Al jugar videojuegos, es fácil acostumbrarse a uno mismo. Siempre me pareció algo curioso, cómo en un medio en el que los límites para la interpretación prácticamente no existen, los estudios se cierren a ofrecer experiencias puramente antropológicas. Juegos en los que somos, sino absolutos seres humanos, formas antropomorfas que en nada se diferencian de nosotros a nivel mecánico. Incluso en títulos que se permiten explorar formas más allá de las propias, las mecánicas y narrativas alrededor de esas formas no cambian nunca. Siempre el homo Sapiens, nunca el homo Ludens.

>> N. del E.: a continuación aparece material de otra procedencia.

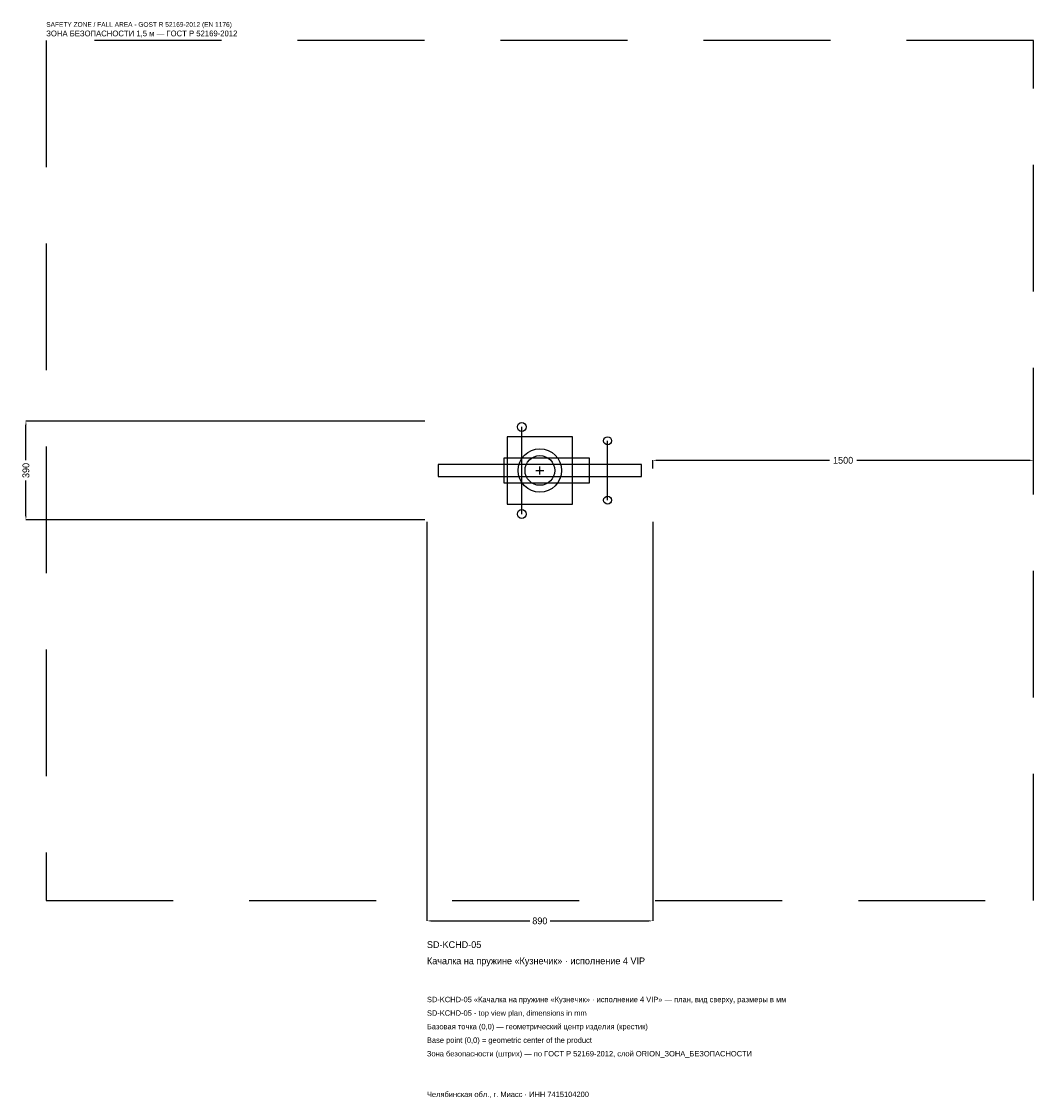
# Model space of a CAD drawing. Header units: metres. Extents: x -2042 to 1945, y -2475 to 1769.
import ezdxf

# ---------------------------------------------------------------- set-up
doc = ezdxf.new("R2010")
doc.units = ezdxf.units.M
doc.linetypes.add('DASHED', pattern=[800, 500, -300])
for name, color, linetype in [('ORION_ДАННЫЕ', 3, 'Continuous'), ('ORION_ЗОНА_БЕЗОПАСНОСТИ', 1, 'Continuous'), ('ORION_КОНТУР', 7, 'Continuous'), ('ORION_РАЗМЕРЫ', 8, 'Continuous')]:
    doc.layers.add(name, color=color, linetype=linetype)
doc.dimstyles.new('ORION', dxfattribs={"dimtxt": 26.7, "dimasz": 16.02, "dimexe": 1.25, "dimexo": 8.01, "dimtad": 1, "dimdec": 0, "dimcen": 2.5, "dimazin": 3, "dimtfac": 1, "dimtmove": 0, "dimatfit": 3, "dimarcsym": 0})

# ---------------------------------------------------------------- blocks, each defined once
blk = doc.blocks.new('_CLOSEDFILLED')
at = {"color": 0, "linetype": 'BYBLOCK'}
blk.add_solid([(-1, 0.16), (0, 0), (-1, -0.16)], dxfattribs=at)
blk = doc.blocks.new('*D1')
for p, q in [((-445, -203.01), (-445, -1775.1)), ((445, -203.01), (445, -1775.1)), ((-428.98, -1775.1), (-40.05, -1775.1)), ((40.05, -1775.1), (428.98, -1775.1))]:
    blk.add_line(p, q)
at = {"layer": 'Defpoints'}
for p in [(-445, -195), (445, -195), (-445, -1775.1)]:
    blk.add_point(p, dxfattribs=at)
at = {"layer": 'ORION_РАЗМЕРЫ', "xscale": 16.02, "yscale": 16.02, "rotation": 180}
blk.add_blockref('_CLOSEDFILLED', (-445, -1775.1), dxfattribs=at)
at = {"layer": 'ORION_РАЗМЕРЫ', "xscale": 16.02, "yscale": 16.02}
blk.add_blockref('_CLOSEDFILLED', (445, -1775.1), dxfattribs=at)
at = {"layer": 'ORION_РАЗМЕРЫ', "insert": (0, -1775.1), "char_height": 26.7, "attachment_point": 5}
blk.add_mtext('890', dxfattribs=at)
blk = doc.blocks.new('*D2')
for p, q in [((-453.01, 195), (-2025.1, 195)), ((-2025.1, 40.05), (-2025.1, 178.98)), ((-2025.1, -178.98), (-2025.1, -40.05)), ((-453.01, -195), (-2025.1, -195))]:
    blk.add_line(p, q)
at = {"layer": 'Defpoints'}
for p in [(-445, 195), (-2025.1, -195), (-445, -195)]:
    blk.add_point(p, dxfattribs=at)
at = {"layer": 'ORION_РАЗМЕРЫ', "xscale": 16.02, "yscale": 16.02}
for p, rotation in [((-2025.1, 195), 90), ((-2025.1, -195), 270)]:
    blk.add_blockref('_CLOSEDFILLED', p, dxfattribs=dict(at, rotation=rotation))
at = {"layer": 'ORION_РАЗМЕРЫ', "insert": (-2025.1, 0), "char_height": 26.7, "attachment_point": 5, "rotation": 90}
blk.add_mtext('390', dxfattribs=at)
blk = doc.blocks.new('*D3')
for p, q in [((445, 8.01), (445, 40.05)), ((461.02, 40.05), (1141.6, 40.05)), ((1248.4, 40.05), (1928.98, 40.05)), ((1945, 8.01), (1945, 40.05))]:
    blk.add_line(p, q)
at = {"layer": 'Defpoints'}
for p in [(445, 40.05), (445, 0), (1945, 0)]:
    blk.add_point(p, dxfattribs=at)
at = {"layer": 'ORION_РАЗМЕРЫ', "xscale": 16.02, "yscale": 16.02, "rotation": 180}
blk.add_blockref('_CLOSEDFILLED', (445, 40.05), dxfattribs=at)
at = {"layer": 'ORION_РАЗМЕРЫ', "xscale": 16.02, "yscale": 16.02}
blk.add_blockref('_CLOSEDFILLED', (1945, 40.05), dxfattribs=at)
at = {"layer": 'ORION_РАЗМЕРЫ', "insert": (1195, 40.05), "char_height": 26.7, "attachment_point": 5}
blk.add_mtext('1500', dxfattribs=at)
blk = doc.blocks.new('ОРИОН SD-KCHD-05 Качалка на пружине Кузнечик · исполнение 4 VIP')
at = {"layer": 'ORION_ЗОНА_БЕЗОПАСНОСТИ', "linetype": 'DASHED'}
blk.add_lwpolyline([(-1945, -1695), (1945, -1695), (1945, 1695), (-1945, 1695)], close=True, dxfattribs=at)
at = {"layer": 'ORION_КОНТУР'}
for p, q in [((-71.2, -171.6), (-71.2, 171.6)), ((267, -117), (267, 117))]:
    blk.add_line(p, q, dxfattribs=at)
for points in [[(-129.05, -132.6), (129.05, -132.6), (129.05, 132.6), (-129.05, 132.6)], [(-142.4, -48.75), (195.8, -48.75), (195.8, 48.75), (-142.4, 48.75)], [(-400.5, -23.4), (400.5, -23.4), (400.5, 23.4), (-400.5, 23.4)]]:
    blk.add_lwpolyline(points, close=True, dxfattribs=at)
for centre, radius in [((-71.2, 171.6), 17.55), ((267, 117), 15.6), ((0, 0), 85.8), ((0, 0), 58.5), ((267, -117), 15.6), ((-71.2, -171.6), 17.55)]:
    blk.add_circle(centre, radius, dxfattribs=at)
at = {"layer": 'ORION_РАЗМЕРЫ'}
for p, q in [((-15.6, 0), (15.6, 0)), ((0, -15.6), (0, 15.6))]:
    blk.add_line(p, q, dxfattribs=at)
at = {"layer": 'ORION_ДАННЫЕ'}
for tag, p in [('АРТИКУЛ', (-445, -1881.9)), ('НАИМЕНОВАНИЕ', (-445, -1945.98))]:
    blk.add_attdef(tag, p, '', height=26.7, dxfattribs=at)
at = {"layer": 'ORION_ДАННЫЕ', "flags": 1}
for tag, p in [('ПРОИЗВОДИТЕЛЬ', (-445, -2010.06)), ('ТЕЛЕФОН', (-445, -2074.14)), ('САЙТ', (-445, -2202.3)), ('АДРЕС', (-445, -2266.38)), ('РЕКВИЗИТЫ', (-445, -2330.46)), ('ГАБАРИТЫ', (-445, -2394.54)), ('ЗОНА_БЕЗОПАСНОСТИ', (-445, -2458.62))]:
    blk.add_attdef(tag, p, '', height=26.7, dxfattribs=at)
at = {"layer": 'ORION_ЗОНА_БЕЗОПАСНОСТИ', "color": 1}
for s, height, p in [('SAFETY ZONE / FALL AREA - GOST R 52169-2012 (EN 1176)', 18.69, (-1945, 1748.4)), ('ЗОНА БЕЗОПАСНОСТИ 1,5 м — ГОСТ Р 52169-2012', 22.695, (-1945, 1711.02))]:
    blk.add_text(s, height=height, dxfattribs=at).set_placement(p)
at = {"layer": 'ORION_РАЗМЕРЫ'}
dim = blk.add_linear_dim(base=(-2025.1, -195), p1=(-445, -195), p2=(-445, 195), angle=90, dimstyle='ORION', dxfattribs=at)
dim.commit()
dim.dimension.update_dxf_attribs({"geometry": '*D2', "text_midpoint": (-2025.1, 0)})
for base, p1, p2, picture, middle in [((445, 40.05), (445, 0), (1945, 0), '*D3', (1195, 40.05)), ((-445, -1775.1), (-445, -195), (445, -195), '*D1', (0, -1775.1))]:
    dim = blk.add_linear_dim(base=base, p1=p1, p2=p2, dimstyle='ORION', dxfattribs=at)
    dim.commit()
    dim.dimension.update_dxf_attribs({"geometry": picture, "text_midpoint": middle})

msp = doc.modelspace()

# ---------------------------------------------------------------- block references
msp.add_blockref('ОРИОН SD-KCHD-05 Качалка на пружине Кузнечик · исполнение 4 VIP', (0, 0)).add_auto_attribs({'АРТИКУЛ': 'SD-KCHD-05', 'НАИМЕНОВАНИЕ': 'Качалка на пружине «Кузнечик» · исполнение 4 VIP'})

# ---------------------------------------------------------------- texts
at = {"layer": 'ORION_ДАННЫЕ', "color": 3}
for s, p in [('SD-KCHD-05 «Качалка на пружине «Кузнечик» · исполнение 4 VIP» — план, вид сверху, размеры в мм', (-445, -2095.5)), ('SD-KCHD-05 - top view plan, dimensions in mm', (-445, -2148.9)), ('Челябинская обл., г. Миасс · ИНН 7415104200', (-445, -2469.3))]:
    msp.add_text(s, height=21.36, dxfattribs=at).set_placement(p)
at = {"layer": 'ORION_ДАННЫЕ', "color": 7}
for s, p in [('Базовая точка (0,0) — геометрический центр изделия (крестик)', (-445, -2202.3)), ('Base point (0,0) = geometric center of the product', (-445, -2255.7))]:
    msp.add_text(s, height=21.36, dxfattribs=at).set_placement(p)
at = {"layer": 'ORION_ДАННЫЕ', "color": 1}
msp.add_text('Зона безопасности (штрих) — по ГОСТ Р 52169-2012, слой ORION_ЗОНА_БЕЗОПАСНОСТИ', height=21.36, dxfattribs=at).set_placement((-445, -2309.1))

doc.saveas('drawing.dxf')

Este no es un problema que suelan tener las otras artes. Incluso en la época antigua, con un medio que podría parecer tan conservador como el de la pintura, ya se exploraban cauces que apartaban al ser humano del discurso, con corrientes como el surrealismo y el futurismo, en los que el hombre se hacía a un lado, y dejaba el podio a las máquinas, a las sensaciones o la naturaleza rota que sólo el arte podía ofrecer. En la literatura, el cubismo hacía de las suyas, con los párrafos de flujo de conciencia, la perspectiva fragmentada y la psique explorada en criaturas míticas. Y los videojuegos…los videojuegos siguen girando alrededor de nosotros, como si vivir la vida a diario no bastara, y hubiera la necesidad de emularla a través de pixeles.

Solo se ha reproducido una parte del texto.